Ни одно стихотворение не было закончено. Читать их — сплошной стыд.
— Я перестал писать стихи, хорошие стихи, — наконец решился Дэн. Он продолжал листать блокнот.
Ванесса сняла черную шерстяную юбку. Потом черную водолазку. И, подбоченясь, встала в зазывающей позе в ожидании, когда Дэн обернется.
— И я подумал, что причина моей творческой неудачи объясняется… — Дэн закрыл блокнот и обернулся. — … объясняется. — Он умолк.
Ванесса стояла возле кровати в черном кружевном лифчике и черных кружевных трусиках. И все это просвечивало.
Ну да. Так и было задумано.
Ванесса улыбнулась и заморгала ресницами:
— Ну, что скажешь?
Дэн остолбенел. Этого он ожидал меньше всего.
— Ты что?
Ванесса старалась не думать о том, как выглядят ее окорочка в открытом кружевном белье. Она подошла к Дэну, положила руки ему на плечи. Он дрожал как осиновый лист. Ванесса не понимала, хорошо это или плохо.

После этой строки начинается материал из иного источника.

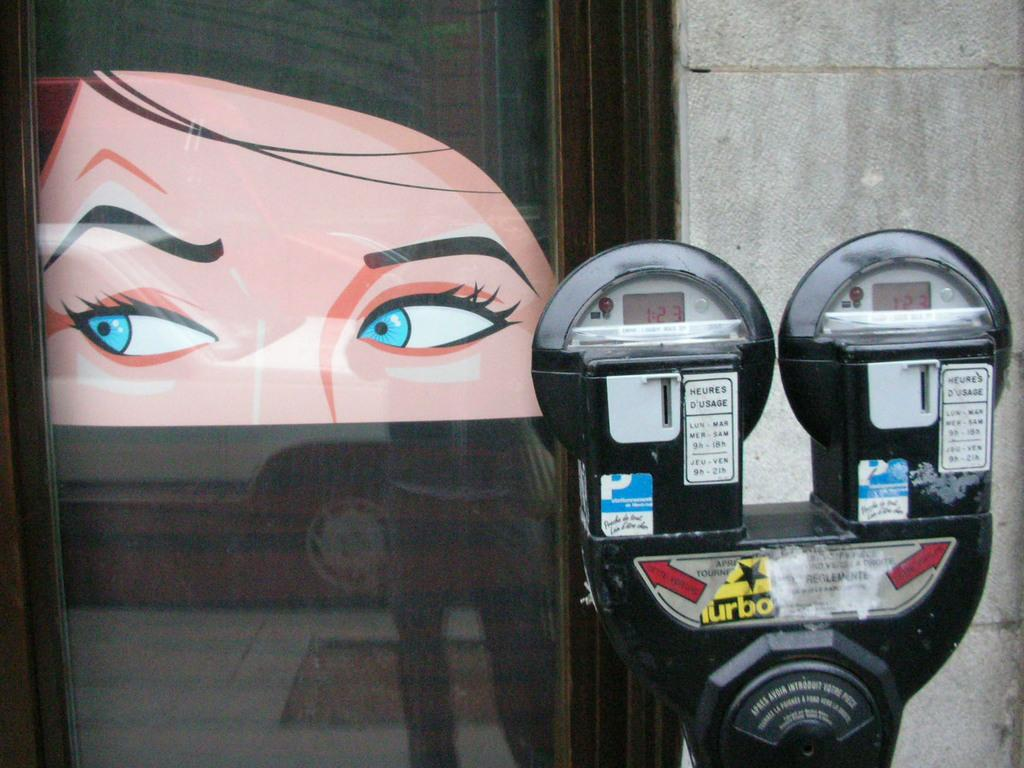<image>
Create a compact narrative representing the image presented. parking meters with red display showing 1:23 on them and drawing of a womans head in window behind meters 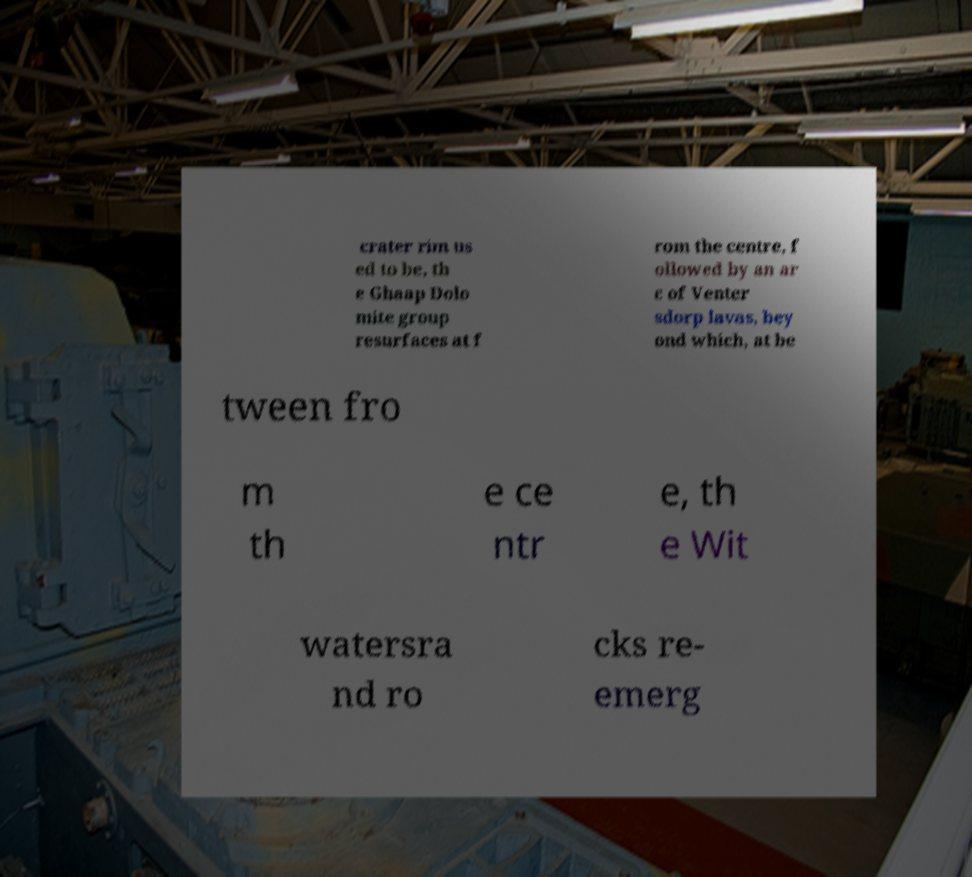Please identify and transcribe the text found in this image. crater rim us ed to be, th e Ghaap Dolo mite group resurfaces at f rom the centre, f ollowed by an ar c of Venter sdorp lavas, bey ond which, at be tween fro m th e ce ntr e, th e Wit watersra nd ro cks re- emerg 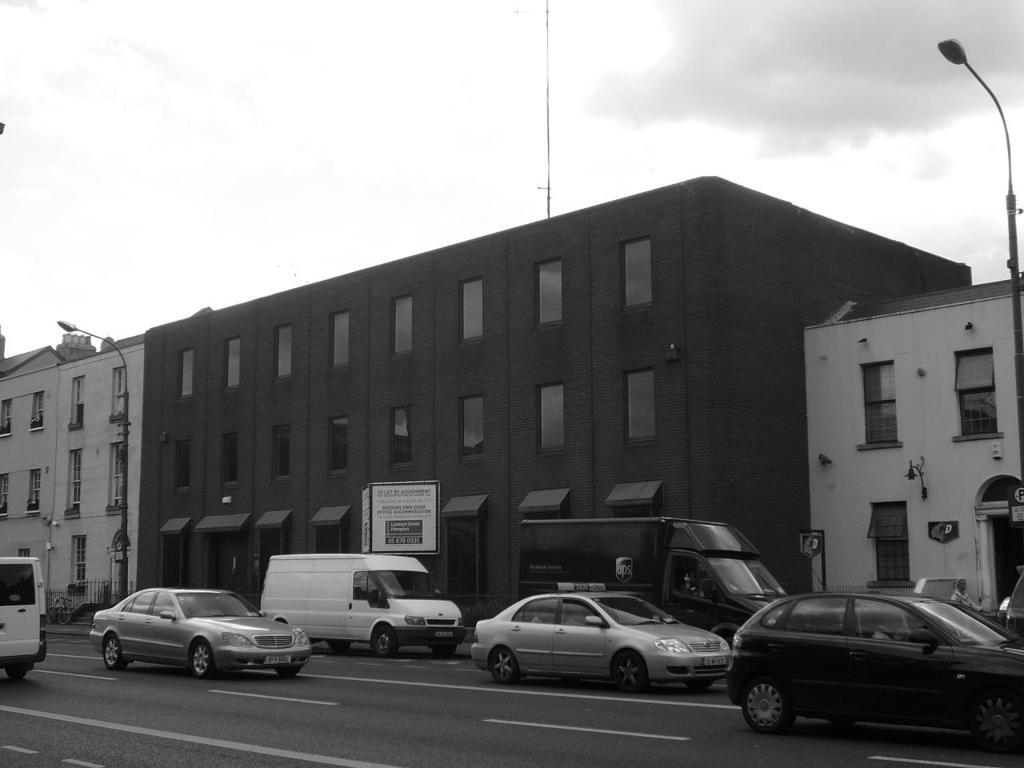What is happening on the road in the image? There are cars moving on the road in the image. What type of buildings can be seen in the image? There are buildings with glass windows visible in the image. What object is located on the right side of the image? There is a street pole on the right side of the image. How does the digestion process work for the street pole in the image? There is no digestion process for the street pole, as it is an inanimate object. What type of bag is being used by the buildings in the image? There are no bags present in the image; it features buildings with glass windows and a street pole. 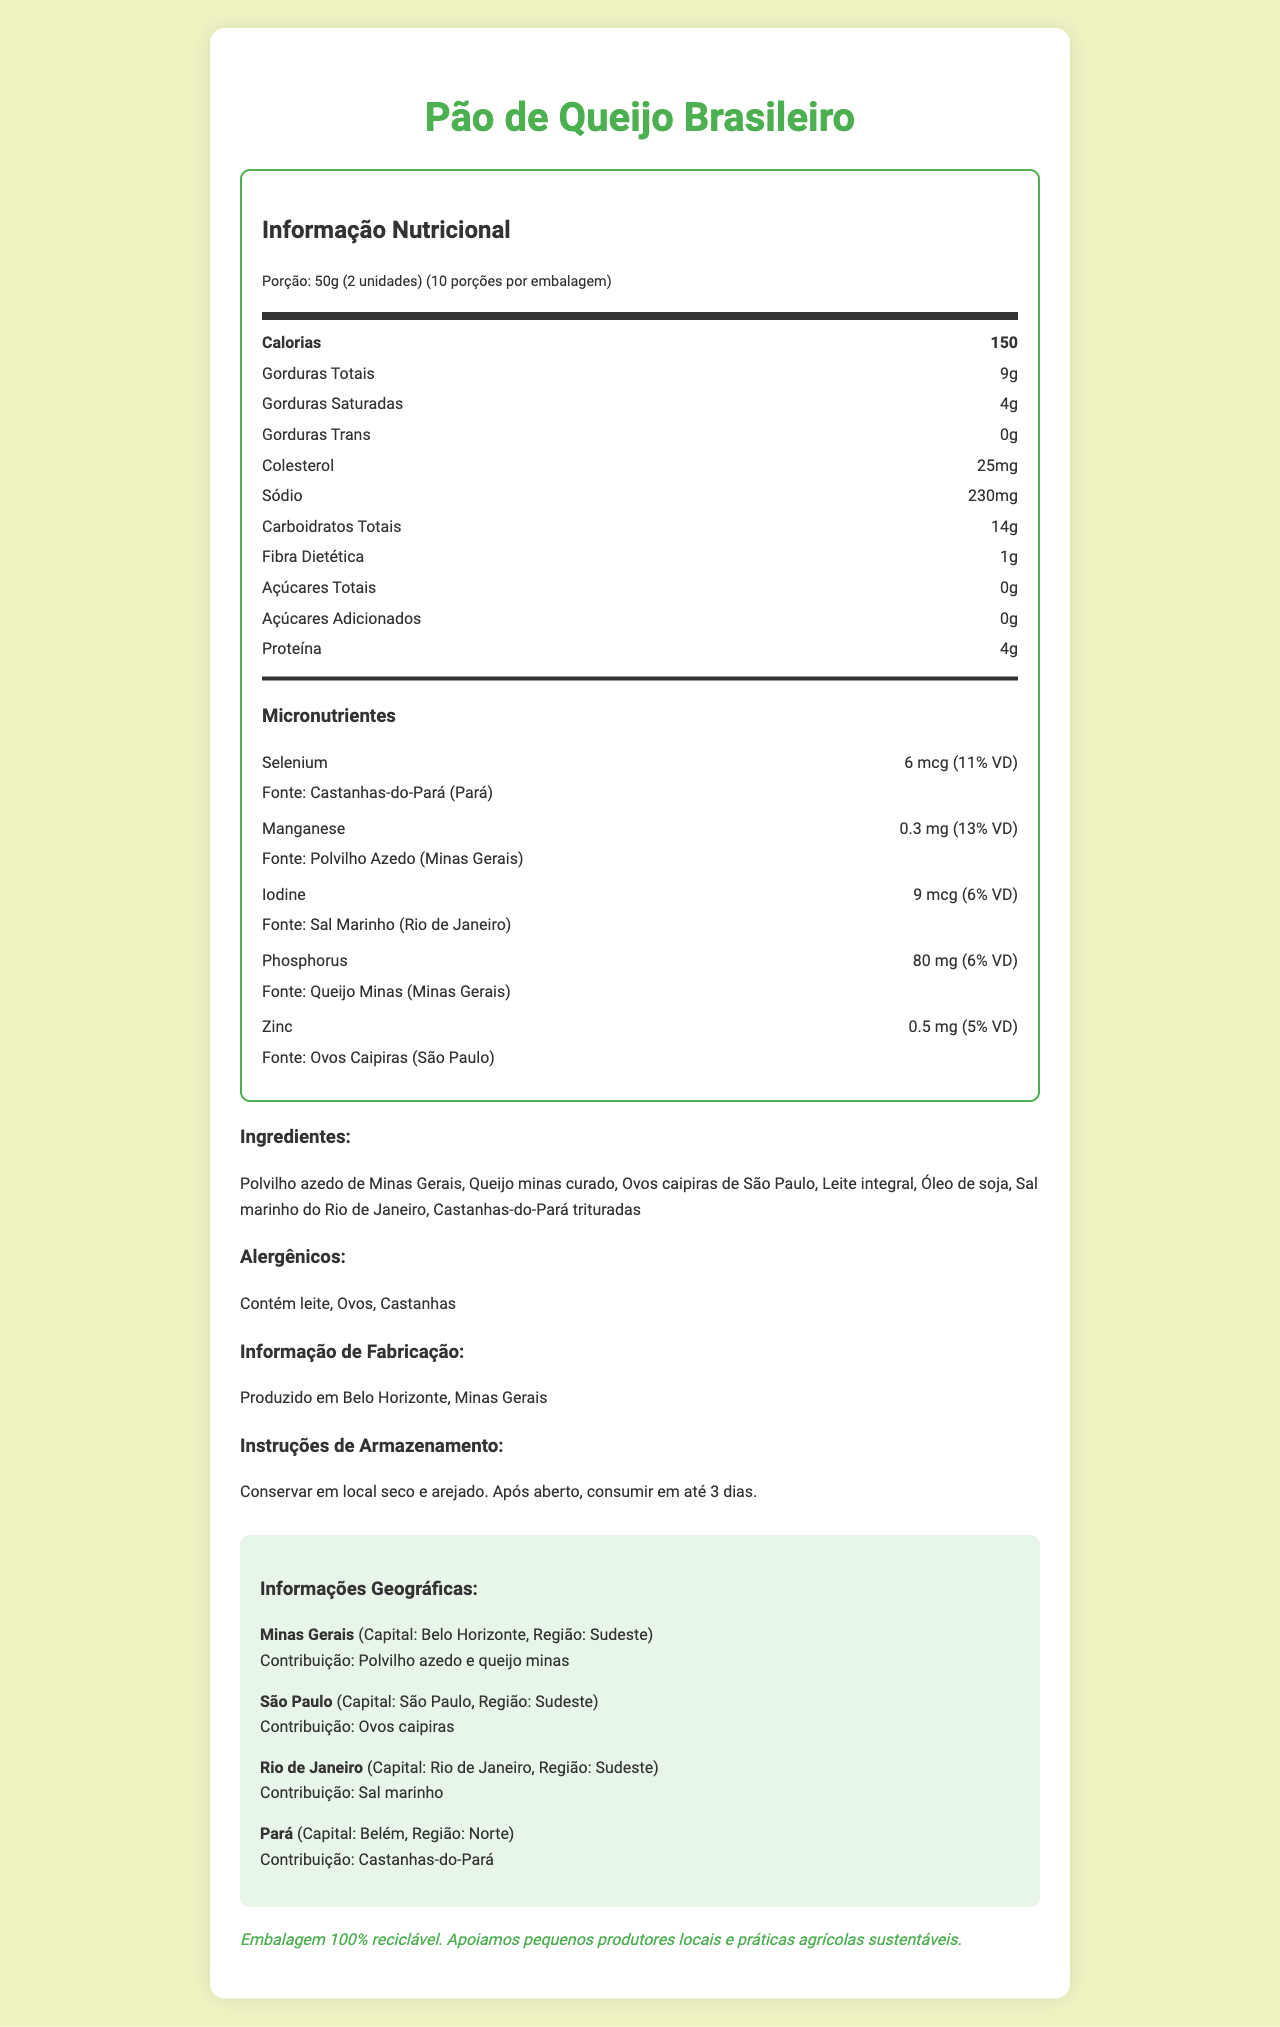what is the serving size of the product? The serving size of the product is displayed as "50g (2 unidades)" under the "Informação Nutricional" section.
Answer: 50g (2 unidades) how many servings are in the container? The document states "10 porções por embalagem" in the serving information section.
Answer: 10 what is the source of Selenium? The source of Selenium is mentioned as "Castanhas-do-Pará (Pará)" in the micronutrients section.
Answer: Castanhas-do-Pará (Pará) what is the protein content per serving? The protein content per serving is listed as "4g" in the main nutrients section.
Answer: 4g what are the allergens mentioned? The allergens are listed under the "Alergênicos" section and they include "Contém leite, Ovos, Castanhas".
Answer: Contém leite, Ovos, Castanhas what state is associated with the contribution of Polvilho Azedo? In the geographical information, Minas Gerais is listed as the state contributing Polvilho Azedo.
Answer: Minas Gerais where is the product manufactured? The manufacturing information states that the product is produced in Belo Horizonte, Minas Gerais.
Answer: Belo Horizonte, Minas Gerais which nutrient contributes the most to the daily value percentage? A. Selenium B. Manganese C. Iodine D. Phosphorus Manganese contributes 13% of the daily value, which is higher than Selenium (11%), Iodine (6%), and Phosphorus (6%).
Answer: B which region is São Paulo a part of? A. Norte B. Nordeste C. Sudeste D. Sul São Paulo is part of the Sudeste region, as mentioned in the geographical information section.
Answer: C does the product contain any added sugars? The document states "Açúcares Adicionados: 0g" indicating there are no added sugars.
Answer: No summarize the main idea of the document. The document is a comprehensive Nutrition Facts Label that includes various nutritional details, ingredient sources, manufacturing and storage instructions, alongside the geographical origin of ingredients and sustainability notes.
Answer: The document provides a detailed Nutrition Facts Label for "Pão de Queijo Brasileiro", highlighting its nutritional content, including calories, macronutrients, and micronutrients. It lists ingredients, allergens, manufacturing information, storage instructions, and the geographical origin of key ingredients, emphasizing support for local producers and sustainable practices. which state contributes more than one ingredient? Minas Gerais contributes both "Polvilho Azedo" and "Queijo Minas" as stated in the geographical information section.
Answer: Minas Gerais how much sodium is in one serving of the product? The sodium content per serving is listed as "230mg" in the main nutrients section.
Answer: 230mg what is the primary source of Iodine in the product? The source of Iodine is listed as "Sal Marinho (Rio de Janeiro)" in the micronutrients section.
Answer: Sal Marinho (Rio de Janeiro) how much daily value of Calcium does the product provide per serving? The document states that per serving, the product provides 8% of the daily value for Calcium.
Answer: 8% how many grams of dietary fiber are in each serving? The dietary fiber content per serving is shown as "1g".
Answer: 1g is there any information on the carbon footprint of the product? The document does not provide details on the carbon footprint of the product, only mentioning sustainable practices and recyclable packaging.
Answer: Not enough information

Дэн явно был чем-то обеспокоен.
— Надеюсь, ты не снимаешь это на камеру? — спросил он подозрительно и оглянулся. Обычно, когда Ванесса снимала фильм, она предупреждала, но вдруг решила сымпровизировать?
Она отрицательно покачала головой и прибавила:
— Поцелуй меня.
Дэн скрестил руки на груди. Только теперь до него дошло, к чему клонит Ванесса.
Ну и что? Они же любят друг друга. Почему бы не продолжить?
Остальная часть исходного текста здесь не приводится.